In an exclusive interview with The Observer Barton details how senior figures in British intelligence tried to stop the ISG publishing its interim report when they realised what it would say. He also reveals how when this failed, John Scarlett, who was then head of the powerful Joint Intelligence Committee and was subsequently appointed by Blair as the head of MI6, tried to strengthen the ISG report by inserting nine 'nuggets' of information to imply Saddam's WMD programmes were active, despite evidence to the contrary.

Barton's disclosures echo some of the claims made a year earlier by Dr David Kelly, the weapons scientist who committed suicide after being outed as the source of the BBC story that the government's dossier on Iraq's WMDs had been 'sexed-up'. Scarlett was the chief architect of that dossier.

The bespectacled man who entered Barton's office on that January evening in Baghdad was Martin Howard, deputy chief of defence intelligence at the Ministry of Defence.
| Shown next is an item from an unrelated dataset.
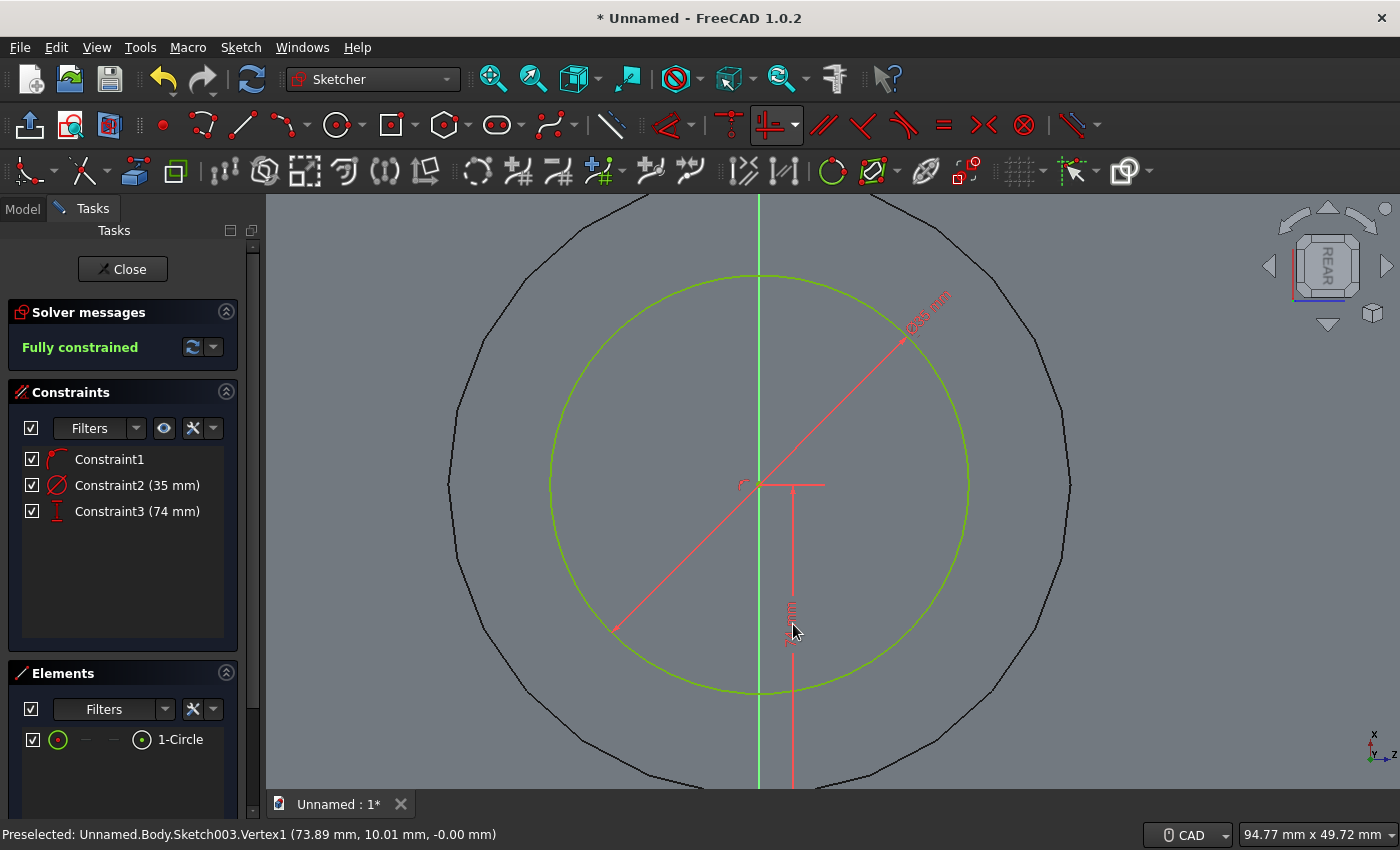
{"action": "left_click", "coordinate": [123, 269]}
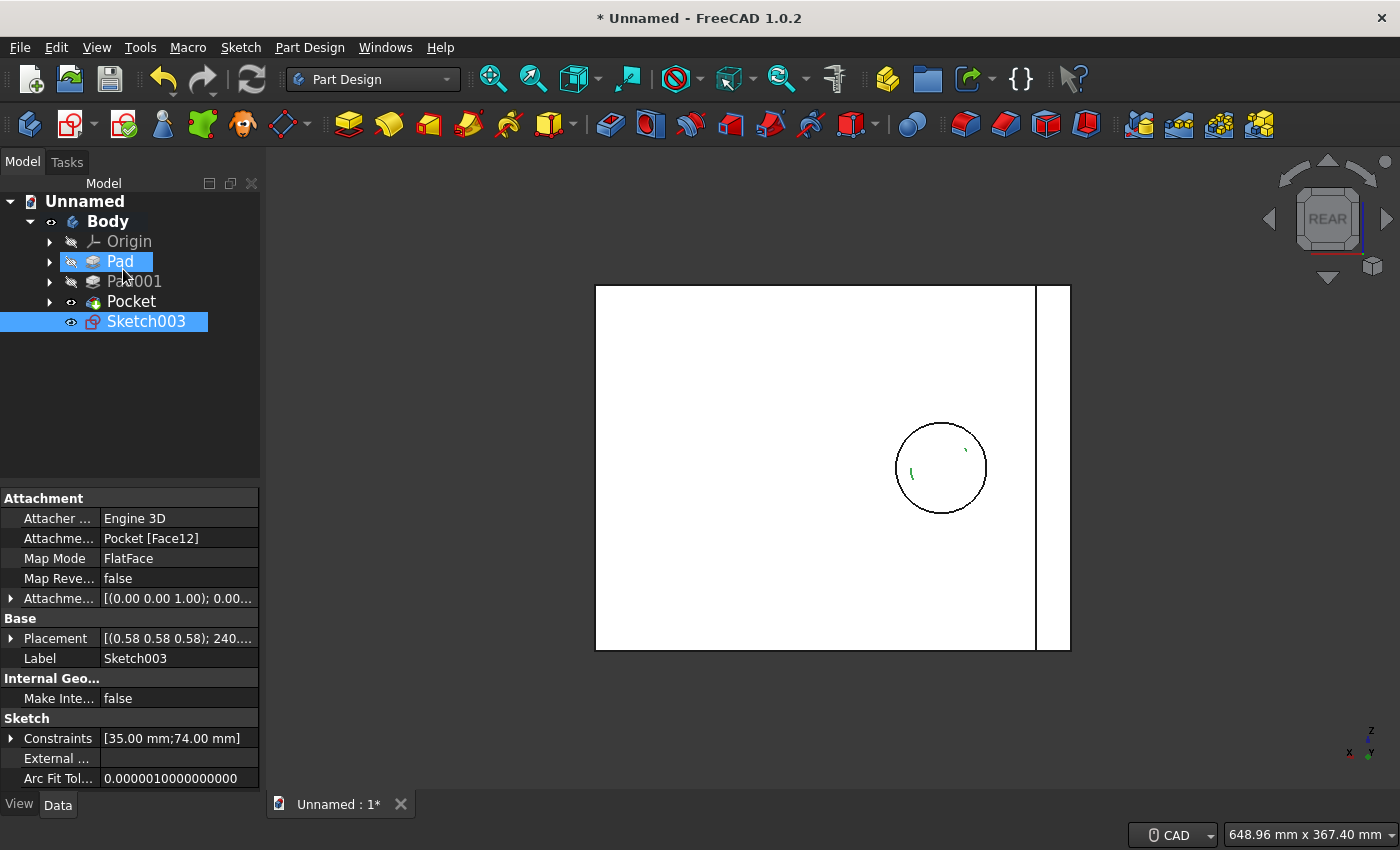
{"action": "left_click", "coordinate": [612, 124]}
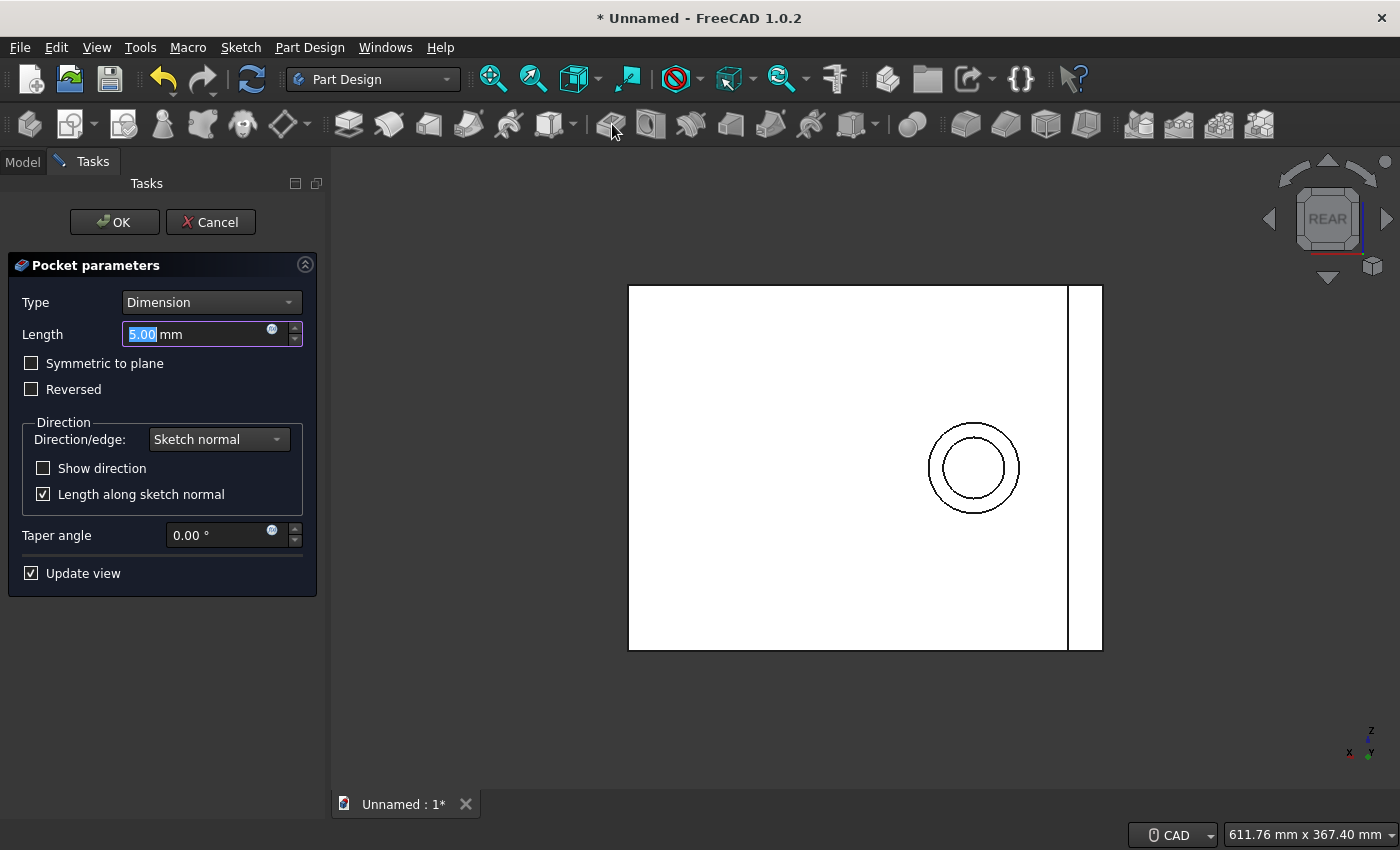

Four months earlier, Howard had been cross-examined during the Hutton inquiry and accused of taking part in the 'parlour game' that led to Kelly's name being leaked to journalists as the source of Andrew Gilligan's BBC story. Howard rejected the allegations but was nevertheless a central figure in the MoD's handling of the Kelly affair.

During his time in Baghdad, Barton kept notes in a personal diary. According to his entry for 19 January, Howard arrived at '1800 hours' and had a different perspective: he didn't want the ISG to publish a report - at least not then. Barton's diary records that Howard wanted to wait until the ISG found something 'substantive'. Barton assumed this meant a weapon.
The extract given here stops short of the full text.